The dataset used for the development of the proposed machine learning framework comprised the relative abundances of 24 N-glycan structures normalized by the total area, the body mass index (BMI), and known glycan covariates such as age and gender for 1,413 patients with pathologically confirmed colorectal cancer and 538 matching healthy controls. Limitations of the dataset include the absence of BMI data for 238 samples and a notable imbalance in the number of controls and cancer patients over the age of 60 years. To avoid having missing values in the dataset, an elaborate pre-processing procedure is carried out, where missing BMI data are iteratively imputed accounting for the information present in the rest dataset features. Additionally, class imbalance with respect to healthy controls is overcome by a modified version of the Synthetic Minority Over-Sampling Technique (SMOTE), which incorporated the knowledge for the distributions of the age, gender, and BMI features across healthy and patient samples to ensure that model classification decisions are attributable to differences in the N-glycomic profiles and not to artificial differences in these covariates as a result of data augmentation. Furthermore, three data scaling methods are used, namely min-max scaling, standard scaling and robust scaling, in order to assess their influence on the performance of the machine learning algorithms used in this study. Regarding the latter, in this study five machine learning methods are trained and compared, namely Random Forest (RF), Support Vector Machines (SVMs), Logistic Regression (LR), Extreme Gradient Boosting (XGBoost) and Soft Voting Ensembles (SVEs). These methods include both non-ensemble and ensemble techniques, which possess different inductive biases, thus constituting a diverse spectrum of classification algorithms that can be used to achieve satisfactory specificity and sensitivity. To avoid data leakage, nested cross-validation (NCV) is employed for hyperparameter tuning and model evaluation, and generalization performance is assessed using learning curves. Finally, biomarker potential is evaluated using permutation feature importance, which is a global agnostic method for interpretability that enables the identification of the most influential N-glycan features in the classification of disease outcome. All computational analysis is carried out using the Python programming language.

Results & Implications

The results of this study support the existing potential for the development of machine learning-based diagnostic tools for colorectal cancer using blood-derived IgG N-glycomic data. Without data augmentation and discarding all samples for healthy individuals over the age of 60 years, an equally-weighted SVE classifier comprising a base XGBoost classifier with min-max scaling and a base LR classifier with robust scaling achieved a mean Area Under the Curve (AUC) score of 72.3% in diagnosing colorectal cancer patients.
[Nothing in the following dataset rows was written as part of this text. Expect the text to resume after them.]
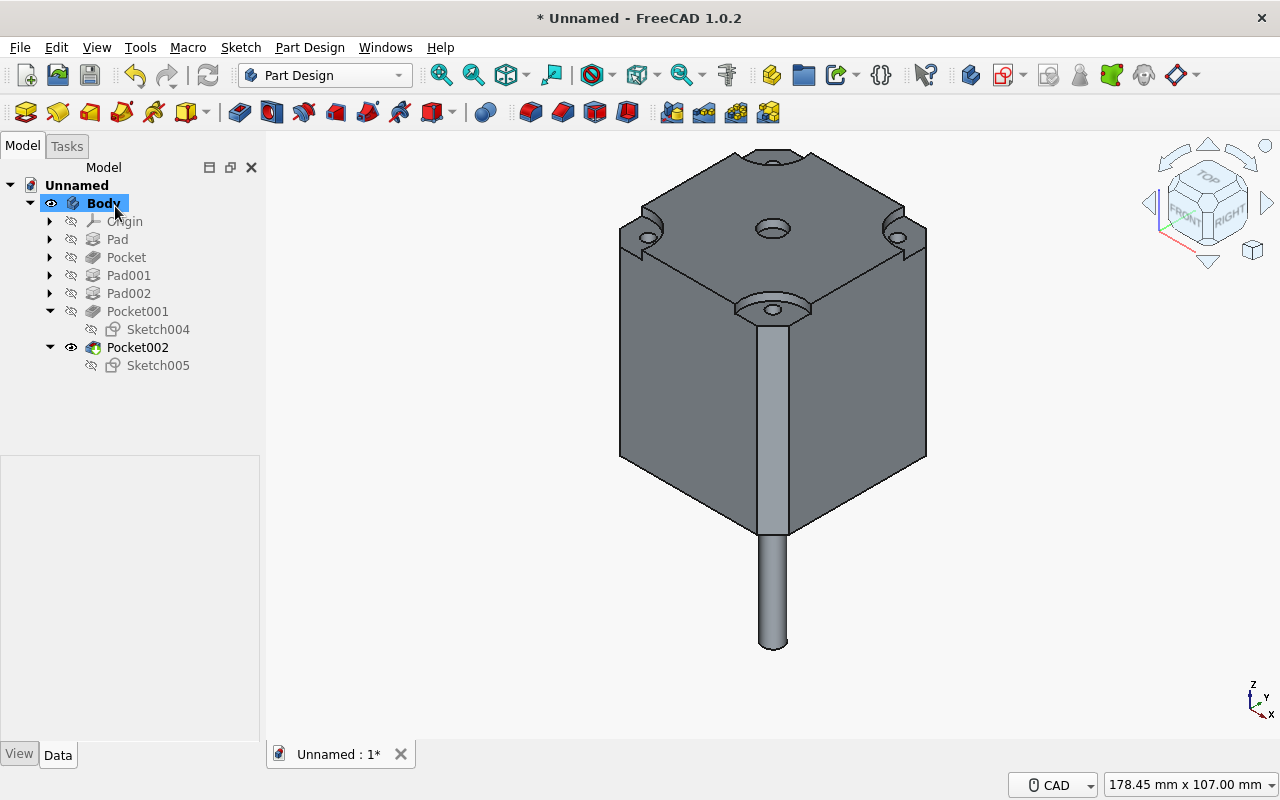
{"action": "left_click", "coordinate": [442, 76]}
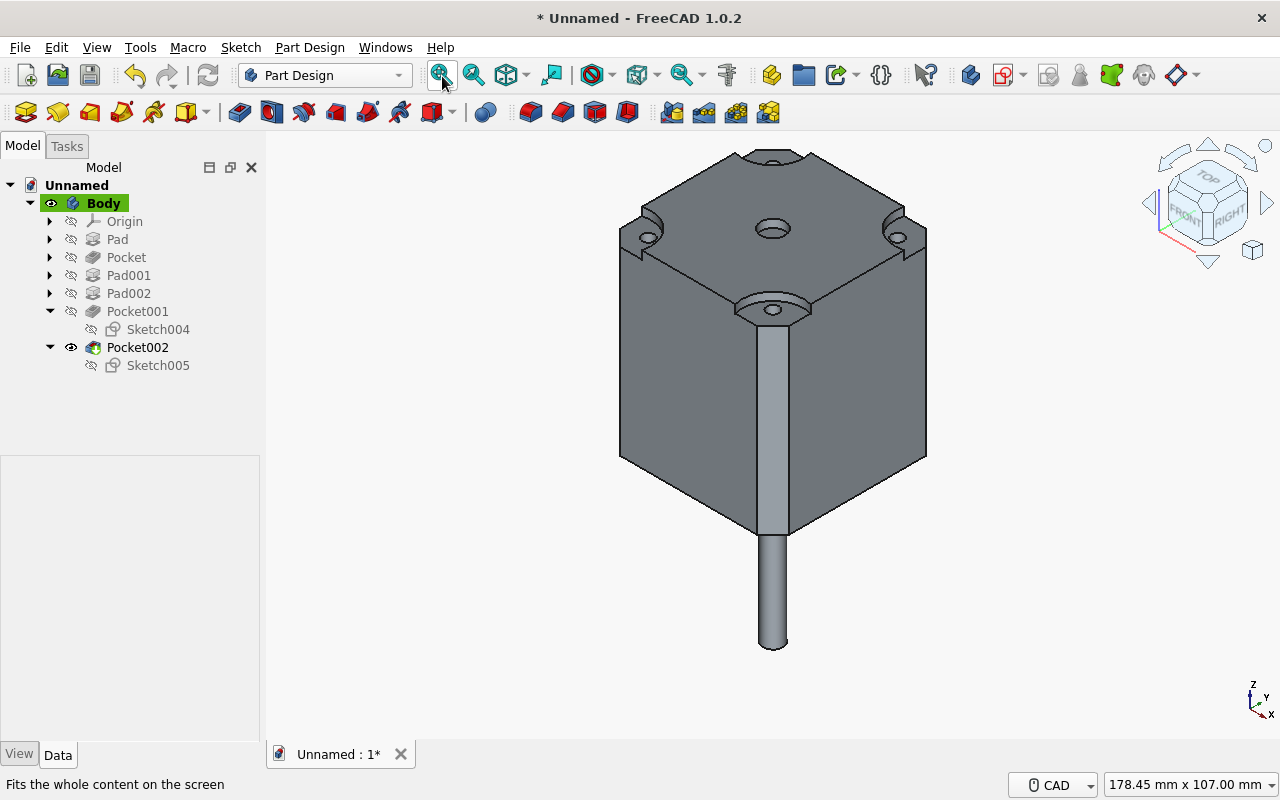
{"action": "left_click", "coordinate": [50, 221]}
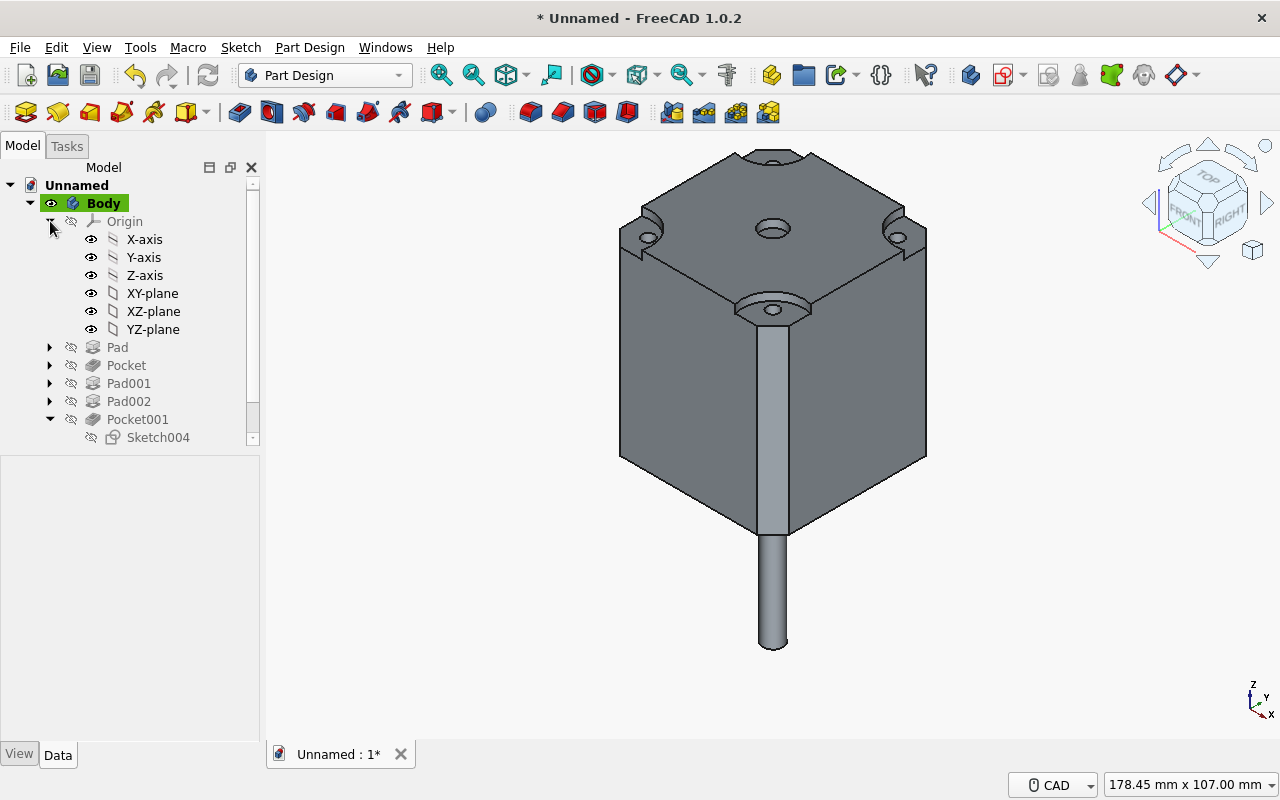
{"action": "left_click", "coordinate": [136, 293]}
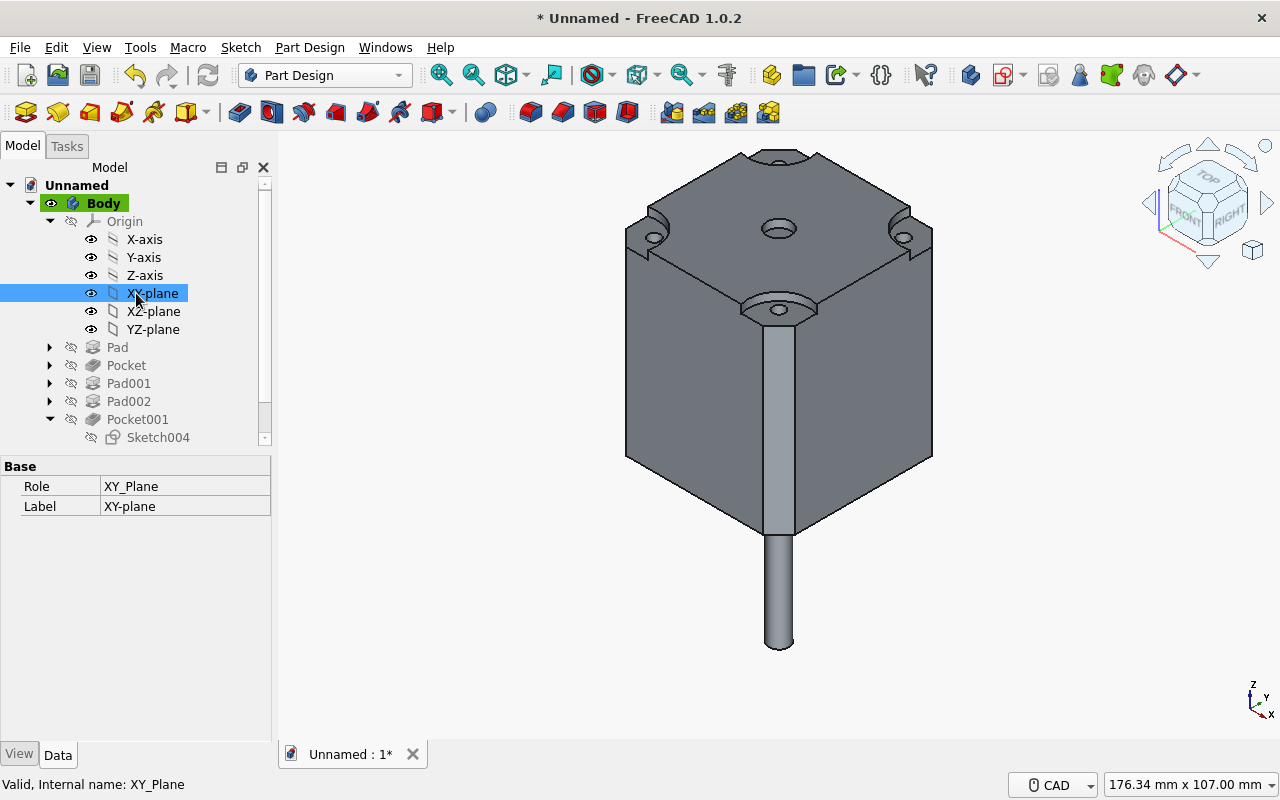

After applying the proposed data augmentation technique, the XGBoost classifier achieved a high mean AUC score of 92.0%, thus demonstrating a proof of concept for a supplementary diagnostic tool that could be developed with large, clinically valid datasets. Consequently, future research on the diagnostic potential of glycomic data should focus on acquiring more data points for controls and colorectal cancer patients, along with clinically relevant features such as age, gender, and BMI. Regarding patient stratification, a RF multiclass classifier trained on the non-augmented dataset was able to distinguish early-stage cancer patients from healthy controls with a mean AUC score of 70.1%, thus showing promise in the ability to provide timely CRC prognosis. Finally, permutation feature importance analysis suggested that alterations in the core-fucosylation of IgG glycans could serve as a potential biomarker, supporting existing research findings on the glycosylation characteristics linked to CRC. The proposed framework is designed to be adaptable for other diseases where blood-derived IgG N-glycomic data may be pertinent. Furthermore, due to the observation of aberrant glycosylation in multiple cancer types, this framework has the potential to serve as a general cancer screening tool.